Security researchers Noam Rotem and Ran Locar discovered that YouHodler exposed thousands of financial information without users knowing. The research team found the database leak as part of its web-mapping project.
YouHolder is a cryptocurrency lending platform which claims that it had served over 3,500 customers. It also claims to have provided more than $10 million loans to its customers.
According to a report published by Tech Crunch, the YouHodler database contained 86 million records. The researchers revealed the cause of the leak stemmed from the company’s failure to issue password protection for its server. Rotem and Locar’s research team also discovered computer logs and commands as well as user histories and interactions.
Aside from the user histories, personal user information such as customer names, credit card numbers, and expiry dates remained unencrypted.
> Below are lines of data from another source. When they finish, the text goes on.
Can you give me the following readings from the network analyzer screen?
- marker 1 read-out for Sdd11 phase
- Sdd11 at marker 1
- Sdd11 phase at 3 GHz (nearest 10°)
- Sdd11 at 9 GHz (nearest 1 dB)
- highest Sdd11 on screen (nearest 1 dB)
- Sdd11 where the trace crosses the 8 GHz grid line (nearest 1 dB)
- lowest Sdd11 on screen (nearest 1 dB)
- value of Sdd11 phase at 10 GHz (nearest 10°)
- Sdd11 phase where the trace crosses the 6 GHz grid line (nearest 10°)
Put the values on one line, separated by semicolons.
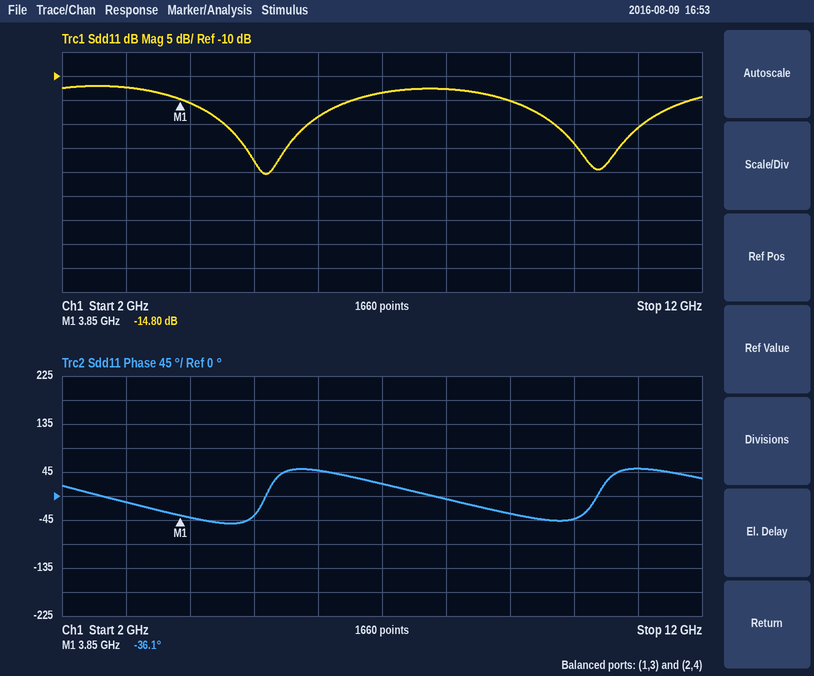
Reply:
-36.1°; -14.80 dB; -10°; -15 dB; -12 dB; -13 dB; -30 dB; -40°; 50°

Other compromised information available for hackers included credit verification numbers, addresses, bank accounts, transaction amounts, and SWIFT codes.
The team also revealed that the unencrypted data contained some phone numbers and passport information. Birthdays, nationalities, crypto wallet addresses, and ID numbers also remained visible during the breach. Based on the findings of Rotem and Locar, countries affected include Canada, France, Russia, the UK, and the United States.
In total, the database housed more than 86 million records from the data lending firm. This includes records from successful transactions or loan approvals.
Tech Crunch says the researchers find “information included in the database makes stealing a user’s identity a simple task.” However, in VpnMentor’s own blog post, the researchers revealed that despite the massive error by YouHodler, “no one was affected.”
VpnMentor states that it immediately contacted YouHodler last July 22, 2019. CoinDesk notes that company replied a day later, on July 23, 2019. The company also proceeded to fix the issue.
Without the immediate action of the cryptocurrency platform, researchers believe the unencrypted server could result in “serious consequence” to customers.
CoinDesk reports that the crypto lending startup issued a statement regarding the hot issue. It said that it “understands user data is potentially at risk of being compromised from outside the platform.” Following this, the company implemented two-factor authentication and email verification to ensure “there’re no vulnerabilities in our systems.”
Tech Crunch reached out to the crypto startup’s chief executive officer Ilya Volkov for a follow-up statement about the incident. However, the news site states the company did not reach out for further comments regarding the issue.